In the wake of all this carnage, That’s Entertainment! hit theaters with much fanfare and even more unanticipated interest from audiences who made it the most successful release of 1974 grossing more than $26,890,200. If Aubrey and Kerkorian had mis-perceived no interest in the past, That’s Entertainment! sparked an overnight cottage industry for collecting, revisiting and treasuring Hollywood’s national heritage. Underground movie buffs, long knowing the giddy excitement of squirreling away whatever they could salvage of their movie-land memories, now had major competition, as That’s Entertainment! was a complete vindication of their eccentricity. The general public wanted in on the action. And Aubrey and Kerkorian were stumped. Worse, they had liquidated far too many assets far too quickly to make yet another quick buck now. Apparently, there was a lot of ‘marketability’ in these otherwise easily discarded remains than had first met the eye. MGM was hardly in a position to launch a glitzy Hollywood premiere. And yet, the stars of yesteryear turned out in droves, bedecked and bedazzled for the occasion. The retro appeal of seeing so much megawatt star power on the red carpet was capped off with a star-studded dinner and photo-op at the Beverly Wilshire Hotel where many of these almost forgotten names L.B. Mayer had made legendary, assembled to break bread together for the first – and arguably, last – time since the studio’s much touted 25th anniversary in 1949.

That’s Entertainment! ought to have been the launch of another majestic era in MGM’s stellar history.

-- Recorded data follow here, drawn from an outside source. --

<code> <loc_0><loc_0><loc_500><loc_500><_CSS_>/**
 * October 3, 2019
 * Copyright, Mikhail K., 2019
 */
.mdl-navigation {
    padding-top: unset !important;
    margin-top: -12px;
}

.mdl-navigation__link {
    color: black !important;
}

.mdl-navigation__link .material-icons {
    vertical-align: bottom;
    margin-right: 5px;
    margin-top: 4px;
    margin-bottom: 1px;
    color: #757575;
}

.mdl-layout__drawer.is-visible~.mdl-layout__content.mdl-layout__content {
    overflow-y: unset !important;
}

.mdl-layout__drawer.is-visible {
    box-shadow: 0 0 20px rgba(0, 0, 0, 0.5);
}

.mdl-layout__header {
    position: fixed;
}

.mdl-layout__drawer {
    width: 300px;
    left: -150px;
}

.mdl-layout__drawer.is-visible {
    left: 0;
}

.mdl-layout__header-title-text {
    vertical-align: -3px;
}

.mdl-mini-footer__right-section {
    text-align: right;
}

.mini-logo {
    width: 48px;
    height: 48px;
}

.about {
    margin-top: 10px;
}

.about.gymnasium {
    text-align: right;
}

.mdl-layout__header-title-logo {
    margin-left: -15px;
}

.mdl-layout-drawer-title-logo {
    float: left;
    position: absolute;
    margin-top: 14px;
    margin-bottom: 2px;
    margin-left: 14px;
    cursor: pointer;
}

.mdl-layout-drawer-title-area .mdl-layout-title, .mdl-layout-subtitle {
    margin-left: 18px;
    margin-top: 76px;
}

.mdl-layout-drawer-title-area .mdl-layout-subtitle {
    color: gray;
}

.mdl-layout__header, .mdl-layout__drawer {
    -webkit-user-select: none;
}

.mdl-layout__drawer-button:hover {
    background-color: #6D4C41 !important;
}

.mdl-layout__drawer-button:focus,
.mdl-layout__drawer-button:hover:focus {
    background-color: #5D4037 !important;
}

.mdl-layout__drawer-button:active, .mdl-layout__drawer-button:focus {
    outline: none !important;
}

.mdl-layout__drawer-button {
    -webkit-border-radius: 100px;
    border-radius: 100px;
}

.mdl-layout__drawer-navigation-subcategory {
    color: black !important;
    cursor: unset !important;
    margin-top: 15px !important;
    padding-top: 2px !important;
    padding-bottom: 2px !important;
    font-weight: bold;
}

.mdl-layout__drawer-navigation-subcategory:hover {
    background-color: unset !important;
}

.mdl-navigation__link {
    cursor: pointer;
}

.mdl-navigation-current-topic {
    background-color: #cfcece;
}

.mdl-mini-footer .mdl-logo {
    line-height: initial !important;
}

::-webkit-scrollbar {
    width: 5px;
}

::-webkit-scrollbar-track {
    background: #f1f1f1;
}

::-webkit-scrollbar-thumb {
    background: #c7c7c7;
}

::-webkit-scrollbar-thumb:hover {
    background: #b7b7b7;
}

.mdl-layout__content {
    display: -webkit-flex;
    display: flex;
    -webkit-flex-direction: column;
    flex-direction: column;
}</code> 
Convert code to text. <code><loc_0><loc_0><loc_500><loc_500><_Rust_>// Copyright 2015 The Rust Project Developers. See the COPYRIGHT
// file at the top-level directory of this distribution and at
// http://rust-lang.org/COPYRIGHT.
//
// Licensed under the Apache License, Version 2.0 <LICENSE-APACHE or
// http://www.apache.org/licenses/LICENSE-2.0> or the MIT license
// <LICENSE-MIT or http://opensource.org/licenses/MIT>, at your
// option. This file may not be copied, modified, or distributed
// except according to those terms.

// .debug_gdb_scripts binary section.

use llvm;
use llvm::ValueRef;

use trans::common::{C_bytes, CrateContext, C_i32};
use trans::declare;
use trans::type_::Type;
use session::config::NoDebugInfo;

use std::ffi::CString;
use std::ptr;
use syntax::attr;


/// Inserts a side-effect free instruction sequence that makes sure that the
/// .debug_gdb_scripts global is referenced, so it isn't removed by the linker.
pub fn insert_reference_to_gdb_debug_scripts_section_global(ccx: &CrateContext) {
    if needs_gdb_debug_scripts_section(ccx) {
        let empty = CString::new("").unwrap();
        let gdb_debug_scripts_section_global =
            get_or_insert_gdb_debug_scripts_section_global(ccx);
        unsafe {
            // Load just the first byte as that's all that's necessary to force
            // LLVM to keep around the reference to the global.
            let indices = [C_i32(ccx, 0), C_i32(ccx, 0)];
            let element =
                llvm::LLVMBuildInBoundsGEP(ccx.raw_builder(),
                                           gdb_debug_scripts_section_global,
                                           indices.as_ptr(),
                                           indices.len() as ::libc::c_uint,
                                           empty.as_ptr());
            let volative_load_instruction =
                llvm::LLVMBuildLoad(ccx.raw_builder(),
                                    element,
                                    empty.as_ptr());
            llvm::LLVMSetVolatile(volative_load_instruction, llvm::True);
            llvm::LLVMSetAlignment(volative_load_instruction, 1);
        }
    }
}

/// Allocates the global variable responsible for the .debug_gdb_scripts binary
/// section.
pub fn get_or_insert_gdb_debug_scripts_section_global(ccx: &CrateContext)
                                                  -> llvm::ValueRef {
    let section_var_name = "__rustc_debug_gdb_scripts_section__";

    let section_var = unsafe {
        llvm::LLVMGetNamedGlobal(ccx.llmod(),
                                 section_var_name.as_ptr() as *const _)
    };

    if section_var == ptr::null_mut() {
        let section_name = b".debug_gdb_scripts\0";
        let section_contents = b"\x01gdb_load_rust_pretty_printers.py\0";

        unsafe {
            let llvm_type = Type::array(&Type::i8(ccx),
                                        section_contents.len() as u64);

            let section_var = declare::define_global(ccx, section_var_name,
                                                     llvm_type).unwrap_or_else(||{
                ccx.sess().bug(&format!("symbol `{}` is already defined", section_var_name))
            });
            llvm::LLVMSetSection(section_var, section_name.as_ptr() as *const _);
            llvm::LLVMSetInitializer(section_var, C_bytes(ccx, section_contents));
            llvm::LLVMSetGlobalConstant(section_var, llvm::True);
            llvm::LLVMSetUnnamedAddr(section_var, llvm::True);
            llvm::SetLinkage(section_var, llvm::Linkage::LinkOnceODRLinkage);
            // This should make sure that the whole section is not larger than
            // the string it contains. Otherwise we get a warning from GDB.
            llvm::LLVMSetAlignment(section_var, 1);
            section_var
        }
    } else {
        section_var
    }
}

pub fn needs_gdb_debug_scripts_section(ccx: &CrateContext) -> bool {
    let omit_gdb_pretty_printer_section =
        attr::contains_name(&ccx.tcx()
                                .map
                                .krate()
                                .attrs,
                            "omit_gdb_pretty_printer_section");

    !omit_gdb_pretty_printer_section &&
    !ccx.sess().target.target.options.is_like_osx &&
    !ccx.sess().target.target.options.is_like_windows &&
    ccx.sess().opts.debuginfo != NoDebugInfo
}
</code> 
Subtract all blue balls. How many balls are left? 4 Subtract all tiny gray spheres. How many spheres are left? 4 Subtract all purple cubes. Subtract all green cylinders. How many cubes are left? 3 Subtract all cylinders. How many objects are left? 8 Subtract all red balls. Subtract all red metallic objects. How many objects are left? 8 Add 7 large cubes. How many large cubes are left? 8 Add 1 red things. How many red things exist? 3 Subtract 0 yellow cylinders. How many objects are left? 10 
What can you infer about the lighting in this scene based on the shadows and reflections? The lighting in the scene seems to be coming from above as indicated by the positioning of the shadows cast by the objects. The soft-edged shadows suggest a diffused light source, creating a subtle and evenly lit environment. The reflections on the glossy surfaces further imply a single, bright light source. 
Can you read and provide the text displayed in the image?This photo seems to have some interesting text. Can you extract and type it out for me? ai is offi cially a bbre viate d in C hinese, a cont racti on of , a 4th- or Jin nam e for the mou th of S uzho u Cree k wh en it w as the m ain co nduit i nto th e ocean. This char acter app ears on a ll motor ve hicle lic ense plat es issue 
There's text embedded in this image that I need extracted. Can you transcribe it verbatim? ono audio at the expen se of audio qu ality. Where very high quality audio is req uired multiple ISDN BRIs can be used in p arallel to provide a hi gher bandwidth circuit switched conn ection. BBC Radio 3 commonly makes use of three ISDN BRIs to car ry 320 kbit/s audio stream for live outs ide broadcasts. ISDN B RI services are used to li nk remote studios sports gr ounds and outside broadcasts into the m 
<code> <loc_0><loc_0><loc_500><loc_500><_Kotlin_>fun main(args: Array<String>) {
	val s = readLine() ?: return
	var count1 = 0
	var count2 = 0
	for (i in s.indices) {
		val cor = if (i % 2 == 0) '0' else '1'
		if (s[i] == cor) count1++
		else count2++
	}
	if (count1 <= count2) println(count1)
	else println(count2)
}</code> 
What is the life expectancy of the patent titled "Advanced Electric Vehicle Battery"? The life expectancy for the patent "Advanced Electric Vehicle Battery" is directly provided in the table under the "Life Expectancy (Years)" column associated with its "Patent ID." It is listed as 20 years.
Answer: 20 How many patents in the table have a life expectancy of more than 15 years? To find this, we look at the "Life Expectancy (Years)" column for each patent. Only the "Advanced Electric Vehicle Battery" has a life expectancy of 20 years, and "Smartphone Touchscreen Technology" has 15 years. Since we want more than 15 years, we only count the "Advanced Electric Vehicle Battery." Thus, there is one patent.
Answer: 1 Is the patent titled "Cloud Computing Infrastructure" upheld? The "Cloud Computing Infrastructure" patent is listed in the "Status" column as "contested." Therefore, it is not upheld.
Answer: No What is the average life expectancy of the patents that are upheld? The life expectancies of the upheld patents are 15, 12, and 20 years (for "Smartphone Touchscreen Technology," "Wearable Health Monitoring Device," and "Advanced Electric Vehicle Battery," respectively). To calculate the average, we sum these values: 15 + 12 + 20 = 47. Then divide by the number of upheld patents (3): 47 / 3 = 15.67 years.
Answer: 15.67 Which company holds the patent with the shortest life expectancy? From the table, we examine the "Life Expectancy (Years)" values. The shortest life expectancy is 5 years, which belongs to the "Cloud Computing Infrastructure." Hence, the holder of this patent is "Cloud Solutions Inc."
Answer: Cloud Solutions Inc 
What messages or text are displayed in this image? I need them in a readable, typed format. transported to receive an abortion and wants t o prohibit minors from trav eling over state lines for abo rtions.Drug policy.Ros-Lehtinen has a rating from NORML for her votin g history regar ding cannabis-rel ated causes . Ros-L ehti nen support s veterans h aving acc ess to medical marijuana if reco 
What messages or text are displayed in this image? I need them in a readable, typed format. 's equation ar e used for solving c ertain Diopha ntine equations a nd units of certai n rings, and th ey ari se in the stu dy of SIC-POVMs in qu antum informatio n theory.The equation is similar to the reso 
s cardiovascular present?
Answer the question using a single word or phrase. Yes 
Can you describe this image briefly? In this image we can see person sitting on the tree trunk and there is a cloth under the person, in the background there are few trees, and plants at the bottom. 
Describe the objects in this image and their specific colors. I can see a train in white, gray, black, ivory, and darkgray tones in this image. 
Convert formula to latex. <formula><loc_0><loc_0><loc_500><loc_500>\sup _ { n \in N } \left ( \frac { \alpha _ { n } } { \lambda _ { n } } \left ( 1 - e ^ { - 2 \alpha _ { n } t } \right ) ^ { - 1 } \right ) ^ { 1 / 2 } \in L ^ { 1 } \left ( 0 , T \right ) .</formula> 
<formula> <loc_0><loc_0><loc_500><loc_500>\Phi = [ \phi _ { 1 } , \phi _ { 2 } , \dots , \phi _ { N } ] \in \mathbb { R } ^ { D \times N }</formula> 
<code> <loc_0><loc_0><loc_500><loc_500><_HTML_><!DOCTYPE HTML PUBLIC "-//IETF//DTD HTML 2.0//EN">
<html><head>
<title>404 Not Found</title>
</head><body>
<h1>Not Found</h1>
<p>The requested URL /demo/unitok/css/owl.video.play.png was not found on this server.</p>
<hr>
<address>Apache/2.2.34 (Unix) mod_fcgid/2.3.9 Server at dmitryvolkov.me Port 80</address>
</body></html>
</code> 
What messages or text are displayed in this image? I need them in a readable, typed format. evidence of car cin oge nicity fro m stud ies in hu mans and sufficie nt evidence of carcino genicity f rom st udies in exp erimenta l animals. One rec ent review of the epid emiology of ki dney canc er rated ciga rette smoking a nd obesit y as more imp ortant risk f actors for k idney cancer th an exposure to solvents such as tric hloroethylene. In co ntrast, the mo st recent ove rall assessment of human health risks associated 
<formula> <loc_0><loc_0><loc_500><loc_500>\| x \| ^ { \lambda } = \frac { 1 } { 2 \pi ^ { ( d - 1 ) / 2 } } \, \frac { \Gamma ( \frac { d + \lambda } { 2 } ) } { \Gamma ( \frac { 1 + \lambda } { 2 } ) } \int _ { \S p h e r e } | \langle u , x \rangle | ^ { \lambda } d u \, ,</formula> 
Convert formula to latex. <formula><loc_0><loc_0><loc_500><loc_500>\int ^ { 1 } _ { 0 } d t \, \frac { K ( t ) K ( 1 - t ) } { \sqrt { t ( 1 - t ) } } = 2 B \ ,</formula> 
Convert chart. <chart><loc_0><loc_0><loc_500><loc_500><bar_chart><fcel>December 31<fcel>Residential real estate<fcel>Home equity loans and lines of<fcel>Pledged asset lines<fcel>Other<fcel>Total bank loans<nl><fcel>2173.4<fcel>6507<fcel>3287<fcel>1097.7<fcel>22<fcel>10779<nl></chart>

Instead, it served only as a glorious, if poignant reminder that the real/reel glory years were a thing of the past.  Directed with adroit – if self-congratulatory – aplomb and concision by Jack Haley Jr. (son of Oz’s Tin Man), That’s Entertainment! was the sort of spellbinding all-star extravaganza, virtually unseen elsewhere in the grittier realism afflicting the cinema firmament in 1974, reinforcing MGM’s once galvanized motto of “ars gratia artis” (or art for art’s sake) and “more stars than there are in heaven.” In an era before home video, where else could one hope to see Eleanor Powell tap and spiral her way down a series of drums, into a throng of thousands from Rosalie (1937), or witness the mammoth revolving cake-like edifice of ‘A Pretty Girl is Like A Melody’ from The Great Ziegfeld (1936)? Here again, Esther Williams swam, Gene Kelly and Fred Astaire danced apart and together, and, Mario Lanza projected ‘Be My Love’ with a raw resonance, perfectly to compliment his co-star, Kathryn Grayson’s soprano trilling. The Cotton Blossom sailed under Cap. Andy’s steam from Show Boat (1951), Judy Garland and Mickey Rooney ‘put on a show’ as mere ‘babes in arms’ and ‘on Broadway’ and Bing Crosby crooned Cole Porter’s immortal ‘True Love’ to Grace Kelly from High Society (1956). Seven potential brides danced with seven backwoodsmen, Tony Martin proclaimed ‘Hallelujah!’ aboard ship, and, Maurice Chevalier ‘thanked heaven’ for little girls – and one in particularly, Gigi (1958). 

In all, some 150 clips and snippets from MGM’s mind-boggling array of perfectionism gave audiences the sort of walloping ‘one/two’ knockout in utterly fabulous entertainment that, even today, can scarcely seem fathomable to have all come from one studio. Acting as the film’s MC, Frank Sinatra gave a brief overview of the early sound era; Elizabeth Taylor shared moments ranging from her own awkward musical debut in Cynthia to the sumptuous staging of the Varsity Drag from everyone’s favorite college musical, Good News (both released in 1947); Peter Lawford explained some of the pitfalls and perks to being a studio contract player, and, James Stewart illustrated them more definitively with quaint examples as diverse as Jean Harlow’s whisky-voiced warbling in Reckless (1935) to his own thinly cooed ‘Easy to Love’ from Born to Dance (1936). From here, That’s Entertainment! effortlessly segued into Metro’s real ‘golden’ period.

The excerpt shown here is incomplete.